Oh, and in case there’s a marketing type out there who wants to argue it makes a better picture this way… you are why true gamers hate marketing types.
The Game You Would Make: He's holding the left and right sticks like trigger buttons, so he's making an incredible art-house game where you're a stupid NPC civilian in a shooter where the only things you can do are "crouch" and "re-center the view in front of you." Either that or he's really as stupid as he looks, in which case he'd make "Accidentally eating the cables thinking they're licorice for ages 3 and under.

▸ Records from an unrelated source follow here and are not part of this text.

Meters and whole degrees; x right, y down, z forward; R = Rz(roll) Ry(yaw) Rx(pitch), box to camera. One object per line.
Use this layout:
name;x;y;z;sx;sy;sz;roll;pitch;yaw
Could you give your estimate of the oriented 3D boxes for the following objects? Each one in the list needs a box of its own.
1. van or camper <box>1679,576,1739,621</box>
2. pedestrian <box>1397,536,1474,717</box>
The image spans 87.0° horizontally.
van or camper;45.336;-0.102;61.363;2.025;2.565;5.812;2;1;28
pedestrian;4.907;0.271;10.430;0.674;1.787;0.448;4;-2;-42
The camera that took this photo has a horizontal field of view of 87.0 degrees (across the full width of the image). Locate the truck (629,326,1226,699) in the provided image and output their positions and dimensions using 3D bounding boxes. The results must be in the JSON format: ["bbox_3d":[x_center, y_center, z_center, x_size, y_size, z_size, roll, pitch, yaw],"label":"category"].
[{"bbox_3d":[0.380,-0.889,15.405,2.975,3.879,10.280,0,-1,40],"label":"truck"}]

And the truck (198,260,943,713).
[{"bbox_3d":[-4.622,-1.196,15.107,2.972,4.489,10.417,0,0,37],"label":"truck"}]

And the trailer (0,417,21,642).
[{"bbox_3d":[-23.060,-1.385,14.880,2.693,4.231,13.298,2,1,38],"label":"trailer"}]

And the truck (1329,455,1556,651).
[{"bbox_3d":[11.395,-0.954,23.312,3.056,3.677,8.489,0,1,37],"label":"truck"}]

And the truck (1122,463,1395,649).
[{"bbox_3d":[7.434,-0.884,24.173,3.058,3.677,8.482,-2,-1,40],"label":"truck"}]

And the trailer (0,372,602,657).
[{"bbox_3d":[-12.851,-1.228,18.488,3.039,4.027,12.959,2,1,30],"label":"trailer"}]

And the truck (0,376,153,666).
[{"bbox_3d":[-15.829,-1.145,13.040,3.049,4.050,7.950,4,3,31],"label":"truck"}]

6. The Art Institute of Pittsburgh

Above: We're not including the ad’s annoying sounds and animation because, unlike everyone else involved in this ad, we're NOT assholes
Nothing says "We know what gamers like!" like an intrusive, obnoxious flash banner complete with sound, except maybe a free case of advanced arthritis of the thumbs. Barbie has brought better games to the table, and at least she doesn't pop up on your browser (or if she does, and you're also reading this site, you're also now on an FBI watchlist).
Add the fact that these casual browser-banner games are to real entertainment what wheelchairs are to ski-jumping (temporarily amusing when it happens but really a tragic disaster) and AIP would have a better chance of attracting real gamers with a World Record Pushup attempt. Doesn’t anyone there realize 99% of real gamers hate this crap? This is like advertising your culinary academy with a picture of a TV dinner.
The Game You'd Make: No one game, but the worst parts of all games. Considering this ad will entice students attracted by noisy flash banner ads, we’re thinking they’ll infest good game design teams just to add unskippable, spinny developer logos, extended cut-scenes and poorly-designed jumping sections between the final save point and the last boss.